To help with these situations, OneBusAway includes a mechanism for entity replacement that allows you to indicate that two GTFS entities are actually the same. This is most often used for stops in practice. The configuration looks like:
<bean id="entityReplacementStrategyFactory" class="org.onebusaway.transit_data_federation.bundle.tasks.EntityReplacementStrategyFactory">
<property name="entityMappings">
<map>
<entry key="org.onebusaway.gtfs.model.Stop" value="path/to/mapping_file" />
</map>
</property>
</bean>
<bean id="entityReplacementStrategy" factory-bean="entityReplacementStrategyFactory" factory-method="create"/>
Here we configure an EntityReplacementStrategyFactory
with a specific mapping for GTFS stops. The mapping refers
to a mapping file path. The mapping file has the following format:
agencyIdA_stopIdA agencyIdB_stopIdB [agencyIdC_stopIdC...]
... more entries ...
Each line contains a list of stop ids separated by spaces. The first id indicates the stop to keep, while subsequent ids indicate stops to merge into the first stop.
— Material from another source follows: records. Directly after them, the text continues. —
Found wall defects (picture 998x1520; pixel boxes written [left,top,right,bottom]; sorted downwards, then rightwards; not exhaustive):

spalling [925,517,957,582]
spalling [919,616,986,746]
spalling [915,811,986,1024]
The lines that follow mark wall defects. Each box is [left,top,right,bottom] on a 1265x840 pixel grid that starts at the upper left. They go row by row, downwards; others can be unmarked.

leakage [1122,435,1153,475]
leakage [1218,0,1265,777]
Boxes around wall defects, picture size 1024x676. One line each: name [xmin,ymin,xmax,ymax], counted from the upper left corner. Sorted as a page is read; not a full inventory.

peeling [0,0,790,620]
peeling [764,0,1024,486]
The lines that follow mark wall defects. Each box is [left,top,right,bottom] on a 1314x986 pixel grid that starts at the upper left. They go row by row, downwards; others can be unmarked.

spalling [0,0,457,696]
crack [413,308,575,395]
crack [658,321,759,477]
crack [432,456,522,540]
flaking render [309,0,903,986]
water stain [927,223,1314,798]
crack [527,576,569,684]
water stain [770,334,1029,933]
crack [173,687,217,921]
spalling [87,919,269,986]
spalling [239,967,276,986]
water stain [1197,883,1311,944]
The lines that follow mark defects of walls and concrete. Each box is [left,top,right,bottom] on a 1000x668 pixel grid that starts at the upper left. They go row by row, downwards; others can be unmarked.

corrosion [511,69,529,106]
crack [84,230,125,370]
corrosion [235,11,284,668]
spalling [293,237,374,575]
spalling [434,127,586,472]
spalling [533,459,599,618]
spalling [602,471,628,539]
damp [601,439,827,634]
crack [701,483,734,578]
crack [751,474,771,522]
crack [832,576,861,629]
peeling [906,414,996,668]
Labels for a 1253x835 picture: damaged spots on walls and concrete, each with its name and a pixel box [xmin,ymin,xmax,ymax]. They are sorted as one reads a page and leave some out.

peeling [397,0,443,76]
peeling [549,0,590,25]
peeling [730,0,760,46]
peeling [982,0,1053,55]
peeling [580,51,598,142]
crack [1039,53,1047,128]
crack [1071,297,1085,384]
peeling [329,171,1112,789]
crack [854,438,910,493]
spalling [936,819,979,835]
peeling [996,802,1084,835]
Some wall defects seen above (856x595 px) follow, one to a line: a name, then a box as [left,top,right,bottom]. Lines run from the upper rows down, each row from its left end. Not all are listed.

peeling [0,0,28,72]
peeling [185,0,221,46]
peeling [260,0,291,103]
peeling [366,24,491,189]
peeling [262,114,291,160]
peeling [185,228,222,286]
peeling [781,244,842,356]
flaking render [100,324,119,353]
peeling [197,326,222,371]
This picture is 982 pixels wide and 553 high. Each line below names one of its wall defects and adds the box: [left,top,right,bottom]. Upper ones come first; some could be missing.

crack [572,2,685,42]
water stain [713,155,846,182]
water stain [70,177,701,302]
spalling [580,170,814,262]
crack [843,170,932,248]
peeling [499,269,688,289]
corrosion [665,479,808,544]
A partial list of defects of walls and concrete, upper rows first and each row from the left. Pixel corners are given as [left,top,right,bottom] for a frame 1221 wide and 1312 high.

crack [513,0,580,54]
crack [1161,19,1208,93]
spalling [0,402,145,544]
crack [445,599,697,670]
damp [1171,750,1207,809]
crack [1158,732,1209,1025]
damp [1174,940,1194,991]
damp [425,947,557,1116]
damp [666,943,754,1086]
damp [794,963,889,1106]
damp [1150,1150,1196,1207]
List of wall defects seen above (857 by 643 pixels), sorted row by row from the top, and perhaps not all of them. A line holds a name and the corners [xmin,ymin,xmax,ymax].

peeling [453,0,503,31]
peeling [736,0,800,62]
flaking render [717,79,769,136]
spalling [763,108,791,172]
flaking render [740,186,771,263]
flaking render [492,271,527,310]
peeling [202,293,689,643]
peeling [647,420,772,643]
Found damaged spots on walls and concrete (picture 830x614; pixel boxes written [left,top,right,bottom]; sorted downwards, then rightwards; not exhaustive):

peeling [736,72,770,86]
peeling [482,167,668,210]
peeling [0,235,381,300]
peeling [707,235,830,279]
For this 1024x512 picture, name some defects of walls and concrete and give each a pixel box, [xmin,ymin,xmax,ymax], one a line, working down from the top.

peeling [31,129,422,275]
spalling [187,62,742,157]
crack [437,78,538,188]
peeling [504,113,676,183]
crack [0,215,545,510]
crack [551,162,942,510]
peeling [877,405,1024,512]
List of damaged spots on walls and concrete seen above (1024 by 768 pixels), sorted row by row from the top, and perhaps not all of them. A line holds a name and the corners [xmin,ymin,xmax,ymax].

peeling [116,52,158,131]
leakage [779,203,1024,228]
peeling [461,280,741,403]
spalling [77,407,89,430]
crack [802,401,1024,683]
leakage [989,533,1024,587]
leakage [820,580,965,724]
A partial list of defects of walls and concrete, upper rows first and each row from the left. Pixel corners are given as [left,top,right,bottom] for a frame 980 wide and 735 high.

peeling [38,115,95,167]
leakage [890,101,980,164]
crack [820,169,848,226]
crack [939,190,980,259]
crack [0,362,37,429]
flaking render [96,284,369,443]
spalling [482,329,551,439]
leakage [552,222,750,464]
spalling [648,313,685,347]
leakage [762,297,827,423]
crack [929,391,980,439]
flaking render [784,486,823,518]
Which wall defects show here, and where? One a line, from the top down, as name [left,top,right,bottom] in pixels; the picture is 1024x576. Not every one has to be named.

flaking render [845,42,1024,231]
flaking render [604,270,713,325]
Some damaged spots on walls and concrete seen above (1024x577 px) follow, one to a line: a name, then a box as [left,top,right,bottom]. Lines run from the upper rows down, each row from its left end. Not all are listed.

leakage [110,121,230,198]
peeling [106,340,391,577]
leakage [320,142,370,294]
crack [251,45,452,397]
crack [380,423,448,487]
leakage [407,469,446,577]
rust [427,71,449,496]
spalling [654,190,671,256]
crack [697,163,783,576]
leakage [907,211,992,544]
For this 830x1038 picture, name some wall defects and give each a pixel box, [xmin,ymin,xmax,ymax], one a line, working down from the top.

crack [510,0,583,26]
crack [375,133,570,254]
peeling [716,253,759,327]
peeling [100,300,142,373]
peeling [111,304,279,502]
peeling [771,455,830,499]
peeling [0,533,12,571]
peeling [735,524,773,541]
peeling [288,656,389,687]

Other Command-Line Options
The bundle builder accepts a number of command-line options that can control the build process, allowing you to control which phases of the build are run.
-skip phase_name
- skips the specified build phase. Can be repeated.-only phase_name
- only runs the specified build phase. Can be repeated.-skipTo phase_name
- jump ahead to the specified build phase. Only specify once.-include phase_name
- include the specified build phase, useful when the phase is not enabled by default. Can be repeated.
Adding a Custom Build Phase
You can add your own custom build phases into the build process. To do so, you specify a task definition in your
bundle.xml
config:
<bean class="org.onebusaway.transit_data_federation.bundle.model.TaskDefinition">
<!-- Required -->
<property name="taskName" value="TASK_NAME_GOES_HERE" />
<!-- Optional -->
<property name="afterTaskName" value="SOME_EXISTING_TASK_NAME" />
<!-- Optional -->
<property name="beforeTaskName" value="SOME_EXISTING_TASK_NAME" />
<!-- Optional -->
<property name="enabled" value="true" />
<!-- Required -->
<property name="task" ref="taskBeanName" />
</bean>
<bean id="taskBeanName" class="your.task.Definition" />
As you can see, the TaskDefinition bean allows you to define custom tasks and optionally control where they appear
in the build order. The only requirement is that your task instance implement Runnable
.
In addition to adding your task definition to your bundle.xml
, you’ll also need to add the jar or class files with
your task implementation to the classpath when you run the build process.